### Your goal
The answer must consist only of the lines from the line with "Answer: Lignin-based Plastics" to the line with "Answer: Polyvinyl Alcohol (PVA) and", both included, exactly as they stand below.

○ ○ ○ ○ ○ ○ ○

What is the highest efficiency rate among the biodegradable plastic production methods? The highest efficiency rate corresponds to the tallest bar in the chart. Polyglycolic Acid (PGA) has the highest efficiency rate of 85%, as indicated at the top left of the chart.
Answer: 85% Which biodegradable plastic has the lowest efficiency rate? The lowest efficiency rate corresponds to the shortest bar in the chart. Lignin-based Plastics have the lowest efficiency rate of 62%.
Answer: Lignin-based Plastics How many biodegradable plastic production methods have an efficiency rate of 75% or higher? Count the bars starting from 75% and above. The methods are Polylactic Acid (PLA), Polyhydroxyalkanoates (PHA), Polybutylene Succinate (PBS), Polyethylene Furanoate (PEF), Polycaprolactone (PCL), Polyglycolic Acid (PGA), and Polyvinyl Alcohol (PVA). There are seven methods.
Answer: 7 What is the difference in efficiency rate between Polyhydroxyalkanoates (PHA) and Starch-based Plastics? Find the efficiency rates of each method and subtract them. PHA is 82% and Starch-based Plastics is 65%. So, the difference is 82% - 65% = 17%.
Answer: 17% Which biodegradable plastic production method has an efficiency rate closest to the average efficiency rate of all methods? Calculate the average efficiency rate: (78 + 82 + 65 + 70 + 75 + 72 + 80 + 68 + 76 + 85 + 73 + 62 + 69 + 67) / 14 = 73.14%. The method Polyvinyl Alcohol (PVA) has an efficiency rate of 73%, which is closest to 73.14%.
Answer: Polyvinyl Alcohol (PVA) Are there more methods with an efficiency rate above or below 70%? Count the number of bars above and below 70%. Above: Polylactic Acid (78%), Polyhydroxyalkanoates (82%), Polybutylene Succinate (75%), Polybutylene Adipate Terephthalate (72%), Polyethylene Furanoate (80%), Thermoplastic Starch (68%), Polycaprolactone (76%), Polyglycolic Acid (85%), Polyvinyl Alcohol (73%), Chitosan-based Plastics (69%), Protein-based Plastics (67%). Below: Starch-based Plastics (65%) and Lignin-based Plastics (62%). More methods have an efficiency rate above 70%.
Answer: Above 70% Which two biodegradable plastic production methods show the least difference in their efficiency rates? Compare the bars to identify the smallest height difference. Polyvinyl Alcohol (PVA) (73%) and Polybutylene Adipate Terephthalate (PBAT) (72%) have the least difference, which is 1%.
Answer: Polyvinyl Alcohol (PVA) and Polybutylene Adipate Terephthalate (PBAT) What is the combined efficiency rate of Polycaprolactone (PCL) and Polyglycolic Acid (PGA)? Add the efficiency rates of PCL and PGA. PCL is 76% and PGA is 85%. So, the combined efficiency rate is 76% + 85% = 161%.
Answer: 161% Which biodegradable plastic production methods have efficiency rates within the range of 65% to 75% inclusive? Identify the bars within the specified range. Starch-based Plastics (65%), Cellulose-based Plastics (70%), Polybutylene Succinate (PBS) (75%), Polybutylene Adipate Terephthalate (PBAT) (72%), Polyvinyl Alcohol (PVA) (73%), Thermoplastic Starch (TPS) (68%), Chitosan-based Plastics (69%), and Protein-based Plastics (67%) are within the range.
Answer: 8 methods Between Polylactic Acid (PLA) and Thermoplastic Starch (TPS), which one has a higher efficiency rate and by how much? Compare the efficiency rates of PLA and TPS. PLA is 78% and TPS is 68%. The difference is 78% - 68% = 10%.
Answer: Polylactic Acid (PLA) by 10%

○ ○ ○ ○ ○ ○ ○

### Exercise answer
Answer: Lignin-based Plastics How many biodegradable plastic production methods have an efficiency rate of 75% or higher? Count the bars starting from 75% and above. The methods are Polylactic Acid (PLA), Polyhydroxyalkanoates (PHA), Polybutylene Succinate (PBS), Polyethylene Furanoate (PEF), Polycaprolactone (PCL), Polyglycolic Acid (PGA), and Polyvinyl Alcohol (PVA). There are seven methods.
Answer: 7 What is the difference in efficiency rate between Polyhydroxyalkanoates (PHA) and Starch-based Plastics? Find the efficiency rates of each method and subtract them. PHA is 82% and Starch-based Plastics is 65%. So, the difference is 82% - 65% = 17%.
Answer: 17% Which biodegradable plastic production method has an efficiency rate closest to the average efficiency rate of all methods? Calculate the average efficiency rate: (78 + 82 + 65 + 70 + 75 + 72 + 80 + 68 + 76 + 85 + 73 + 62 + 69 + 67) / 14 = 73.14%. The method Polyvinyl Alcohol (PVA) has an efficiency rate of 73%, which is closest to 73.14%.
Answer: Polyvinyl Alcohol (PVA) Are there more methods with an efficiency rate above or below 70%? Count the number of bars above and below 70%. Above: Polylactic Acid (78%), Polyhydroxyalkanoates (82%), Polybutylene Succinate (75%), Polybutylene Adipate Terephthalate (72%), Polyethylene Furanoate (80%), Thermoplastic Starch (68%), Polycaprolactone (76%), Polyglycolic Acid (85%), Polyvinyl Alcohol (73%), Chitosan-based Plastics (69%), Protein-based Plastics (67%). Below: Starch-based Plastics (65%) and Lignin-based Plastics (62%). More methods have an efficiency rate above 70%.
Answer: Above 70% Which two biodegradable plastic production methods show the least difference in their efficiency rates? Compare the bars to identify the smallest height difference. Polyvinyl Alcohol (PVA) (73%) and Polybutylene Adipate Terephthalate (PBAT) (72%) have the least difference, which is 1%.
Answer: Polyvinyl Alcohol (PVA) and Polybutylene Adipate Terephthalate (PBAT) What is the combined efficiency rate of Polycaprolactone (PCL) and Polyglycolic Acid (PGA)? Add the efficiency rates of PCL and PGA. PCL is 76% and PGA is 85%. So, the combined efficiency rate is 76% + 85% = 161%.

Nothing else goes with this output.